Doc Rivers, Boston’s coach, had said after his team’s Game 2 loss at Madison Square Garden that the series doesn’t begin until a team is down 2-0 and headed back to its home court. By his definition, it appears the series has not only begun but it’s also just about ended, in the same game. All that’s seemingly left of this series is for the Knicks to keep doing what they’re doing since it looks like the Celtics have thrown in the towel.

Body language doesn’t lie. When you get hit in the head, figuratively or literally, it eventually shows. Ask Mark Sanchez, soon to be the former quarterback of the Jets. Watching Rivers and his players on the bench last night, it’s not a stretch to say these Celtics are cooked.

The Knicks are running on all cylinders right now. Whether that’s illusory because of the incompetence of the Rajon Rondo-less, rudderless Celtics offense or because of the Knicks defensive tenacity is up for debate. I’m leaning in the direction of the Celtics not having the offensive guns or a professional-grade point guard as the main excuse for their ineptitude.

Offensively, the Knicks are running circles around Boston, pick and rolling them to death, hitting threes, moving the ball around to the open man, and, leaning on Carmelo Anthony when all else fails. Anthony has been spectacular in this series, playing efficiently and most importantly, leading his team by example in all facets of the game. He’s rebounding, bodying up on the bigger Kevin Garnett, and trusting his teammates to make plays and hit shots in ways he never has demonstrated previously.
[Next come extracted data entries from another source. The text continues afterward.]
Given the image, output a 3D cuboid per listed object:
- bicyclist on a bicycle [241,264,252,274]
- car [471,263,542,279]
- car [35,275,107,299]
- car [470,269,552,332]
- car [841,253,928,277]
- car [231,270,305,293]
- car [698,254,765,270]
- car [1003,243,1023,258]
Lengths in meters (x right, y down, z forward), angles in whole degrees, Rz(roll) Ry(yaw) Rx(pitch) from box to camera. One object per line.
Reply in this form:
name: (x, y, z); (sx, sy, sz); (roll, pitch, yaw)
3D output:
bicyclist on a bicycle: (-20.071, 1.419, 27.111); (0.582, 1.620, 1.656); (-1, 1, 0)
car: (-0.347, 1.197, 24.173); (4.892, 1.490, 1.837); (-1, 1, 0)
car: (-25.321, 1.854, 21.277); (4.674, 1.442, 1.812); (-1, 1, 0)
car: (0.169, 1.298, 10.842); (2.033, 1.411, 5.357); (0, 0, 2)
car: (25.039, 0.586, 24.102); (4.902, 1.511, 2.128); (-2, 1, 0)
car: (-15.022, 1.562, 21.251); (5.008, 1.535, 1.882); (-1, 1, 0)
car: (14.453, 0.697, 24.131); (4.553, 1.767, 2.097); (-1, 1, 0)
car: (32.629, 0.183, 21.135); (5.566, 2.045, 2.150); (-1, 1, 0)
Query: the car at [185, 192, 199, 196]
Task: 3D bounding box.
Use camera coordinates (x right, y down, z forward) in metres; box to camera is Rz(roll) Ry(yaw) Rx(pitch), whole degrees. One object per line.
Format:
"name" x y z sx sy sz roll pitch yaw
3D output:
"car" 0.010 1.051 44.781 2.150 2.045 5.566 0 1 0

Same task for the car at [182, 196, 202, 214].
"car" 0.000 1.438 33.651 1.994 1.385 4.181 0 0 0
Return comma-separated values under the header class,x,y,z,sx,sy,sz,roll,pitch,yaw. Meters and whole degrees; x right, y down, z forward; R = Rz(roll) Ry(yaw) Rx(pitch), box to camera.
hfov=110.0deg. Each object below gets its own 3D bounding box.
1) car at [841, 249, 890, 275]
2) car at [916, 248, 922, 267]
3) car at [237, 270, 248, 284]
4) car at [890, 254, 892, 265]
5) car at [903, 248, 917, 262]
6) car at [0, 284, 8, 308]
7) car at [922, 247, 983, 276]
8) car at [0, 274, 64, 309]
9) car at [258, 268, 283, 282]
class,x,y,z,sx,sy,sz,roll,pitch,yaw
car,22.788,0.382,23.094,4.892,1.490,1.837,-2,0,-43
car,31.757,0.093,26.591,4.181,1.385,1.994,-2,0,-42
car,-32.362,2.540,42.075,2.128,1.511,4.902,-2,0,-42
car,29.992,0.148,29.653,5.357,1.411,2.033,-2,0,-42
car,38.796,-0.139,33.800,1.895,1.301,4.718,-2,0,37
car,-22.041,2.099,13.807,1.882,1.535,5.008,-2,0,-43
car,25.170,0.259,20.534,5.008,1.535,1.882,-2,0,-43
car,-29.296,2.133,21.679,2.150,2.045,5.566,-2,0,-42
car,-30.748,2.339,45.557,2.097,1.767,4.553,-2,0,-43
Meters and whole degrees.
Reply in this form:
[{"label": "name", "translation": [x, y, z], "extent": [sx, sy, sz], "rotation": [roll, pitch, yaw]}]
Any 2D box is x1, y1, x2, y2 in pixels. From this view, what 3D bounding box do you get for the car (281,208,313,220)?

Knicks coach, Mike Woodson has been talking about “the journey” all season; his way of keeping his players’ eyes on the ultimate prize, an NBA championship. Woodson has never been viewed as one of the elite coaches in the league. More like a solid, competent X’s and O’s man and a bit of a psychologist to make the less than talented rosters he’s coached in the past feel better about themselves than they probably deserved to feel.

This year, Woodson has truly been masterful, managing the egos of the interesting characters who make up the 2012-13 Knicks. From helping Anthony to mature on the court to convincing J.R. Smith to be a sixth man to making every player, from Pablo Prigioni to Chris Copeland feel accountable and important to the team’s success. Woodson doesn’t play favorites and will get in the face of any player, regardless of how many zeros his paycheck says, who isn’t giving the effort to further the team’s goals.

Since no team in NBA history has ever come back from a 3-0 deficit, it looks like this season-long “journey” is going to continue on to a next challenge against the winner of the Indiana-Atlanta series but make no mistake about it, in the back of the Knicks collective heads, they are gearing for the big enchilada, an Eastern Conference championship series with the Miami Heat.  Woodson’s job will be to get them to maintain their focus on step 2 before they get to step 3.